Kimura M, Miki T, Hiraga S, Nagata T, Yura T
J Bacteriol. 1979 Dec;140(3):825-34. doi: 10.1128/jb.140.3.825-834.1979.
Three amber mutations, dna-801, dna-803, and dna-806, were isolated by localized mutagenesis of the dnaA-oriC region of the chromosome from an Escherichia coli strain carrying temperature-sensitive amber suppressors. When the mutations were not suppressed at 42 degrees C, the cells did not grow and DNA synthesis was arrested. They were very closely linked to each other and to the dnaA46 mutation. The mutant phenotype of each strain was converted to the wild type by infecting the mutants with specialized transducing phase lambda i21 dnaA-2 but not with lambda i21 tna. Derivatives of lambda i21 dnaA-2, each of which carried the amber mutation dna-801 dna-803, or dna-806, converted the dnaA mutant phenotype to Dna+ but did not convert rhe amber mutants to the wild-type phenotype. E. coli uvrB cells were irradiated with ultraviolet light and infected with each of these phage strains. An analysis of proteins synthesized in the cells revealed that two proteins with molecular weights of 50,000 and 43,000 were specified by lambda i21 dnaA-2 but not by lambda i21 tna. When the ultraviolet-irradiated cells did not carry an amber suppressor, the derivative phage with the amber mutation invariably failed to produce the 43,000-dalton protein, but when the host cell carried supF (tyrT), the protein was produced. The 50,000-dalton protein was unaffected.
通过对携带温度敏感型琥珀突变抑制基因的大肠杆菌菌株染色体的dnaA - oriC区域进行定位诱变,分离出了三个琥珀突变体,即dna - 801、dna - 803和dna - 806。
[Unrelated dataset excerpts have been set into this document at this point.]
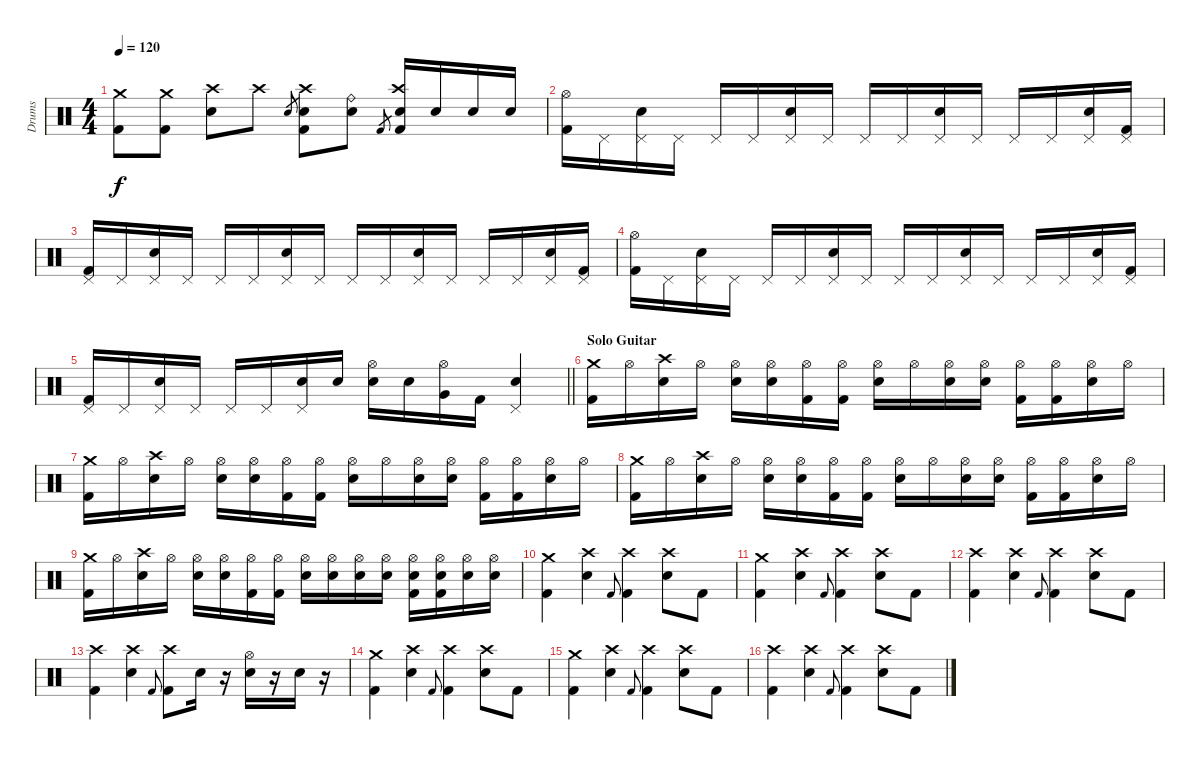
\track ("Drums" "Drums") {instrument percussion}
\staff {score}
\articulation defaults
\ts (4 4)
\tempo 120
\clef neutral
\ks c
("Crash medium (hit)" "Kick (hit) 2").8{dy f} ("Crash medium (hit)" "Kick (hit) 2").8 ("Crash high (hit)" "Electric Snare (hit)").8 "Crash high (hit)".8 "Electric Snare (hit)".8{gr} ("Crash high (hit)" "Electric Snare (hit)" "Kick (hit) 2").8 ("Ride (bell)" "Electric Snare (hit)").8 "Kick (hit) 2".8{gr} ("Crash high (hit)" "Electric Snare (hit)" "Kick (hit) 2").16 "Electric Snare (hit)".16 "Electric Snare (hit)".16 "Electric Snare (hit)".16 |
("Hi-Hat (open)" "Kick (hit) 2").16 "Pedal Hi-Hat (hit)".16 ("Pedal Hi-Hat (hit)" "Electric Snare (hit)").16 "Pedal Hi-Hat (hit)".16 "Pedal Hi-Hat (hit)".16 "Pedal Hi-Hat (hit)".16 ("Pedal Hi-Hat (hit)" "Electric Snare (hit)").16 "Pedal Hi-Hat (hit)".16 "Pedal Hi-Hat (hit)".16 "Pedal Hi-Hat (hit)".16 ("Pedal Hi-Hat (hit)" "Electric Snare (hit)").16 "Pedal Hi-Hat (hit)".16 "Pedal Hi-Hat (hit)".16 "Pedal Hi-Hat (hit)".16 ("Pedal Hi-Hat (hit)" "Electric Snare (hit)").16 ("Pedal Hi-Hat (hit)" "Kick (hit) 2").16 |
("Pedal Hi-Hat (hit)" "Kick (hit) 2").16 "Pedal Hi-Hat (hit)".16 ("Pedal Hi-Hat (hit)" "Electric Snare (hit)").16 "Pedal Hi-Hat (hit)".16 "Pedal Hi-Hat (hit)".16 "Pedal Hi-Hat (hit)".16 ("Pedal Hi-Hat (hit)" "Electric Snare (hit)").16 "Pedal Hi-Hat (hit)".16 "Pedal Hi-Hat (hit)".16 "Pedal Hi-Hat (hit)".16 ("Pedal Hi-Hat (hit)" "Electric Snare (hit)").16 "Pedal Hi-Hat (hit)".16 "Pedal Hi-Hat (hit)".16 "Pedal Hi-Hat (hit)".16 ("Pedal Hi-Hat (hit)" "Electric Snare (hit)").16 ("Pedal Hi-Hat (hit)" "Kick (hit) 2").16 |
("Hi-Hat (open)" "Kick (hit) 2").16 "Pedal Hi-Hat (hit)".16 ("Pedal Hi-Hat (hit)" "Electric Snare (hit)").16 "Pedal Hi-Hat (hit)".16 "Pedal Hi-Hat (hit)".16 "Pedal Hi-Hat (hit)".16 ("Pedal Hi-Hat (hit)" "Electric Snare (hit)").16 "Pedal Hi-Hat (hit)".16 "Pedal Hi-Hat (hit)".16 "Pedal Hi-Hat (hit)".16 ("Pedal Hi-Hat (hit)" "Electric Snare (hit)").16 "Pedal Hi-Hat (hit)".16 "Pedal Hi-Hat (hit)".16 "Pedal Hi-Hat (hit)".16 ("Pedal Hi-Hat (hit)" "Electric Snare (hit)").16 ("Pedal Hi-Hat (hit)" "Kick (hit) 2").16 |
\barLineRight lightlight
("Pedal Hi-Hat (hit)" "Kick (hit) 2").16 "Pedal Hi-Hat (hit)".16 ("Pedal Hi-Hat (hit)" "Electric Snare (hit)").16 "Pedal Hi-Hat (hit)".16 "Pedal Hi-Hat (hit)".16 "Pedal Hi-Hat (hit)".16 ("Pedal Hi-Hat (hit)" "Electric Snare (hit)").16 "Electric Snare (hit)".16 ("Hi-Hat (open)" "Electric Snare (hit)").16 "Electric Snare (hit)".16 ("Hi-Hat (open)" "Very Low Tom (hit)").16 "Kick (hit) 2".16 ("Pedal Hi-Hat (hit)" "Electric Snare (hit)").4 |
\section ("" "Solo Guitar")
("Crash medium (hit)" "Kick (hit) 2").16 "Hi-Hat (open)".16 ("Crash high (hit)" "Electric Snare (hit)").16 "Hi-Hat (open)".16 ("Hi-Hat (open)" "Electric Snare (hit)").16 ("Hi-Hat (open)" "Electric Snare (hit)").16 ("Hi-Hat (open)" "Kick (hit) 2").16 ("Hi-Hat (open)" "Kick (hit) 2").16 ("Hi-Hat (open)" "Electric Snare (hit)").16 "Hi-Hat (open)".16 ("Hi-Hat (open)" "Electric Snare (hit)").16 ("Hi-Hat (open)" "Electric Snare (hit)").16 ("Hi-Hat (open)" "Kick (hit) 2").16 ("Hi-Hat (open)" "Kick (hit) 2").16 ("Hi-Hat (open)" "Electric Snare (hit)").16 "Hi-Hat (open)".16 |
("Crash medium (hit)" "Kick (hit) 2").16 "Hi-Hat (open)".16 ("Crash high (hit)" "Electric Snare (hit)").16 "Hi-Hat (open)".16 ("Hi-Hat (open)" "Electric Snare (hit)").16 ("Hi-Hat (open)" "Electric Snare (hit)").16 ("Hi-Hat (open)" "Kick (hit) 2").16 ("Hi-Hat (open)" "Kick (hit) 2").16 ("Hi-Hat (open)" "Electric Snare (hit)").16 "Hi-Hat (open)".16 ("Hi-Hat (open)" "Electric Snare (hit)").16 ("Hi-Hat (open)" "Electric Snare (hit)").16 ("Hi-Hat (open)" "Kick (hit) 2").16 ("Hi-Hat (open)" "Kick (hit) 2").16 ("Hi-Hat (open)" "Electric Snare (hit)").16 "Hi-Hat (open)".16 |
("Crash medium (hit)" "Kick (hit) 2").16 "Hi-Hat (open)".16 ("Crash high (hit)" "Electric Snare (hit)").16 "Hi-Hat (open)".16 ("Hi-Hat (open)" "Electric Snare (hit)").16 ("Hi-Hat (open)" "Electric Snare (hit)").16 ("Hi-Hat (open)" "Kick (hit) 2").16 ("Hi-Hat (open)" "Kick (hit) 2").16 ("Hi-Hat (open)" "Electric Snare (hit)").16 "Hi-Hat (open)".16 ("Hi-Hat (open)" "Electric Snare (hit)").16 ("Hi-Hat (open)" "Electric Snare (hit)").16 ("Hi-Hat (open)" "Kick (hit) 2").16 ("Hi-Hat (open)" "Kick (hit) 2").16 ("Hi-Hat (open)" "Electric Snare (hit)").16 "Hi-Hat (open)".16 |
("Crash medium (hit)" "Kick (hit) 2").16 "Hi-Hat (open)".16 ("Crash high (hit)" "Electric Snare (hit)").16 "Hi-Hat (open)".16 ("Hi-Hat (open)" "Electric Snare (hit)").16 ("Hi-Hat (open)" "Electric Snare (hit)").16 ("Hi-Hat (open)" "Kick (hit) 2").16 ("Hi-Hat (open)" "Kick (hit) 2").16 ("Hi-Hat (open)" "Electric Snare (hit)").16 ("Hi-Hat (open)" "Electric Snare (hit)").16 ("Hi-Hat (open)" "Electric Snare (hit)").16 ("Hi-Hat (open)" "Electric Snare (hit)").16 ("Hi-Hat (open)" "Electric Snare (hit)" "Kick (hit) 2").16 ("Hi-Hat (open)" "Electric Snare (hit)" "Kick (hit) 2").16 ("Hi-Hat (open)" "Electric Snare (hit)").16 ("Hi-Hat (open)" "Electric Snare (hit)").16 |
("Crash medium (hit)" "Kick (hit) 2").4 ("Crash high (hit)" "Electric Snare (hit)").4 "Kick (hit) 2".8{gr onbeat} ("Crash high (hit)" "Kick (hit) 2").4 ("Crash high (hit)" "Electric Snare (hit)").8 "Kick (hit) 2".8 |
("Crash medium (hit)" "Kick (hit) 2").4 ("Crash high (hit)" "Electric Snare (hit)").4 "Kick (hit) 2".8{gr onbeat} ("Crash high (hit)" "Kick (hit) 2").4 ("Crash high (hit)" "Electric Snare (hit)").8 "Kick (hit) 2".8 |
("Crash high (hit)" "Kick (hit) 2").4 ("Crash high (hit)" "Electric Snare (hit)").4 "Kick (hit) 2".8{gr onbeat} ("Crash high (hit)" "Kick (hit) 2").4 ("Crash high (hit)" "Electric Snare (hit)").8 "Kick (hit) 2".8 |
("Crash high (hit)" "Kick (hit) 2").4 ("Crash high (hit)" "Electric Snare (hit)").4 "Kick (hit) 2".8{gr onbeat} ("Crash high (hit)" "Kick (hit) 2").8 "Electric Snare (hit)".16 r.16 ("Hi-Hat (open)" "Electric Snare (hit)").16 r.16 "Electric Snare (hit)".16 r.16 |
("Crash medium (hit)" "Kick (hit) 2").4 ("Crash high (hit)" "Electric Snare (hit)").4 "Kick (hit) 2".8{gr onbeat} ("Crash high (hit)" "Kick (hit) 2").4 ("Crash high (hit)" "Electric Snare (hit)").8 "Kick (hit) 2".8 |
("Crash medium (hit)" "Kick (hit) 2").4 ("Crash high (hit)" "Electric Snare (hit)").4 "Kick (hit) 2".8{gr onbeat} ("Crash high (hit)" "Kick (hit) 2").4 ("Crash high (hit)" "Electric Snare (hit)").8 "Kick (hit) 2".8 |
("Crash high (hit)" "Kick (hit) 2").4 ("Crash high (hit)" "Electric Snare (hit)").4 "Kick (hit) 2".8{gr onbeat} ("Crash high (hit)" "Kick (hit) 2").4 ("Crash high (hit)" "Electric Snare (hit)").8 "Kick (hit) 2".8

当这些突变在42℃时未被抑制时,细胞无法生长且DNA合成停止。它们彼此之间以及与dnaA46突变紧密连锁。通过用特异性转导噬菌体λi21 dnaA - 2感染这些突变体,每个菌株的突变表型可转变为野生型,但用λi21 tna感染则不行。λi21 dnaA - 2的衍生物,每个都携带琥珀突变dna - 801、dna - 803或dna - 806,可将dnaA突变表型转变为Dna + ,但不能将琥珀突变体转变为野生型表型。用紫外线照射大肠杆菌uvrB细胞,然后用这些噬菌体菌株中的每一种进行感染。对细胞中合成的蛋白质进行分析发现,λi21 dnaA - 2可产生两种分子量分别为50,000和43,000的蛋白质,而λi21 tna则不能。当紫外线照射的细胞不携带琥珀突变抑制基因时,带有琥珀突变的衍生噬菌体总是无法产生43,000道尔顿的蛋白质,但当宿主细胞携带supF(tyrT)时,则会产生该蛋白质。50,000道尔顿的蛋白质不受影响。